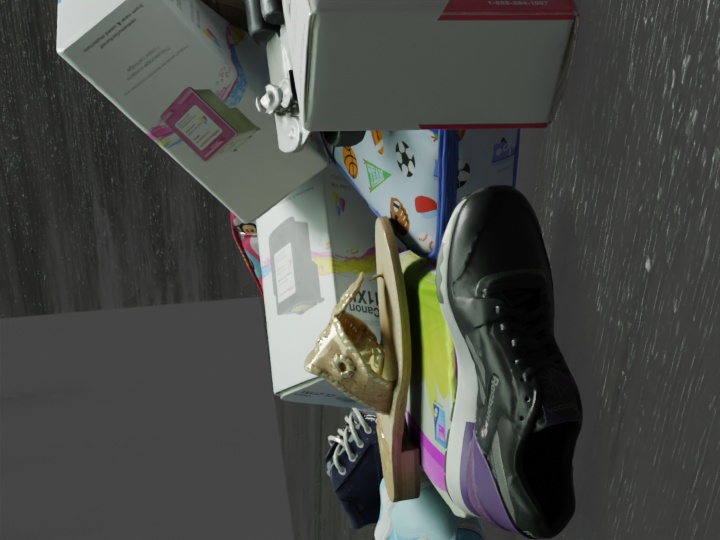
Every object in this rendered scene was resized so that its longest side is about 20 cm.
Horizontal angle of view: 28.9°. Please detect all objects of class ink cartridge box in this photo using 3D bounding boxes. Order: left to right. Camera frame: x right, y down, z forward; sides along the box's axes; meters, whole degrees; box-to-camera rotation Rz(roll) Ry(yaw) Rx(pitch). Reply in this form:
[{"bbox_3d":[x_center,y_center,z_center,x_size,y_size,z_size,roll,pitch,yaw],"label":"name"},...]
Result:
[{"bbox_3d":[-0.121,-0.151,1.014,0.200,0.084,0.145,45,-161,-36],"label":"ink cartridge box"},{"bbox_3d":[0.000,0.000,1.101,0.083,0.145,0.201,-23,67,40],"label":"ink cartridge box"},{"bbox_3d":[0.029,-0.175,0.804,0.083,0.145,0.201,97,167,-46],"label":"ink cartridge box"}]

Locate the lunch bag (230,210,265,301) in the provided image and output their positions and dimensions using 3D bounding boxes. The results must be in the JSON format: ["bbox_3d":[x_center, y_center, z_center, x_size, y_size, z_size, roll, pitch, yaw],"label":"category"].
[{"bbox_3d":[-0.058,-0.055,1.394,0.177,0.081,0.201,-77,-27,-45],"label":"lunch bag"}]

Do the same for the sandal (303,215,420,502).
[{"bbox_3d":[-0.003,0.071,0.950,0.078,0.069,0.213,-113,15,-63],"label":"sandal"}]

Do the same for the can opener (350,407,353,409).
[{"bbox_3d":[-0.006,0.071,1.253,0.054,0.067,0.200,-59,-9,-25],"label":"can opener"}]

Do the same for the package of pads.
[{"bbox_3d":[0.069,0.064,0.948,0.200,0.068,0.156,-145,51,-80],"label":"package of pads"}]

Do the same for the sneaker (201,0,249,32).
[{"bbox_3d":[-0.059,-0.219,1.025,0.200,0.075,0.071,-61,-12,-69],"label":"sneaker"}]

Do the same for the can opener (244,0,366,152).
[{"bbox_3d":[-0.044,-0.170,0.908,0.053,0.066,0.201,-31,68,60],"label":"can opener"}]

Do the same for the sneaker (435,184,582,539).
[{"bbox_3d":[0.097,0.052,0.796,0.087,0.075,0.202,14,110,61],"label":"sneaker"}]

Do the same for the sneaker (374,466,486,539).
[{"bbox_3d":[0.064,0.236,1.077,0.200,0.079,0.131,76,174,-60],"label":"sneaker"}]

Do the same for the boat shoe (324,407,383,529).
[{"bbox_3d":[0.006,0.143,1.220,0.075,0.092,0.201,-108,0,-62],"label":"boat shoe"}]

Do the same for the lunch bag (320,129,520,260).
[{"bbox_3d":[0.029,-0.115,0.934,0.200,0.075,0.161,48,150,44],"label":"lunch bag"}]

-----

Problem requirements: Apart from the pictures, every line above must be repeated exactly.

Answer section:
Every object in this rendered scene was resized so that its longest side is about 20 cm.
Horizontal angle of view: 28.9°. Please detect all objects of class ink cartridge box in this photo using 3D bounding boxes. Order: left to right. Camera frame: x right, y down, z forward; sides along the box's axes; meters, whole degrees; box-to-camera rotation Rz(roll) Ry(yaw) Rx(pitch). Reply in this form:
[{"bbox_3d":[x_center,y_center,z_center,x_size,y_size,z_size,roll,pitch,yaw],"label":"name"},...]
Result:
[{"bbox_3d":[-0.121,-0.151,1.014,0.200,0.084,0.145,45,-161,-36],"label":"ink cartridge box"},{"bbox_3d":[0.000,0.000,1.101,0.083,0.145,0.201,-23,67,40],"label":"ink cartridge box"},{"bbox_3d":[0.029,-0.175,0.804,0.083,0.145,0.201,97,167,-46],"label":"ink cartridge box"}]

Locate the lunch bag (230,210,265,301) in the provided image and output their positions and dimensions using 3D bounding boxes. The results must be in the JSON format: ["bbox_3d":[x_center, y_center, z_center, x_size, y_size, z_size, roll, pitch, yaw],"label":"category"].
[{"bbox_3d":[-0.058,-0.055,1.394,0.177,0.081,0.201,-77,-27,-45],"label":"lunch bag"}]

Do the same for the sandal (303,215,420,502).
[{"bbox_3d":[-0.003,0.071,0.950,0.078,0.069,0.213,-113,15,-63],"label":"sandal"}]

Do the same for the can opener (350,407,353,409).
[{"bbox_3d":[-0.006,0.071,1.253,0.054,0.067,0.200,-59,-9,-25],"label":"can opener"}]

Do the same for the package of pads.
[{"bbox_3d":[0.069,0.064,0.948,0.200,0.068,0.156,-145,51,-80],"label":"package of pads"}]

Do the same for the sneaker (201,0,249,32).
[{"bbox_3d":[-0.059,-0.219,1.025,0.200,0.075,0.071,-61,-12,-69],"label":"sneaker"}]

Do the same for the can opener (244,0,366,152).
[{"bbox_3d":[-0.044,-0.170,0.908,0.053,0.066,0.201,-31,68,60],"label":"can opener"}]

Do the same for the sneaker (435,184,582,539).
[{"bbox_3d":[0.097,0.052,0.796,0.087,0.075,0.202,14,110,61],"label":"sneaker"}]

Do the same for the sneaker (374,466,486,539).
[{"bbox_3d":[0.064,0.236,1.077,0.200,0.079,0.131,76,174,-60],"label":"sneaker"}]

Do the same for the boat shoe (324,407,383,529).
[{"bbox_3d":[0.006,0.143,1.220,0.075,0.092,0.201,-108,0,-62],"label":"boat shoe"}]

Do the same for the lunch bag (320,129,520,260).
[{"bbox_3d":[0.029,-0.115,0.934,0.200,0.075,0.161,48,150,44],"label":"lunch bag"}]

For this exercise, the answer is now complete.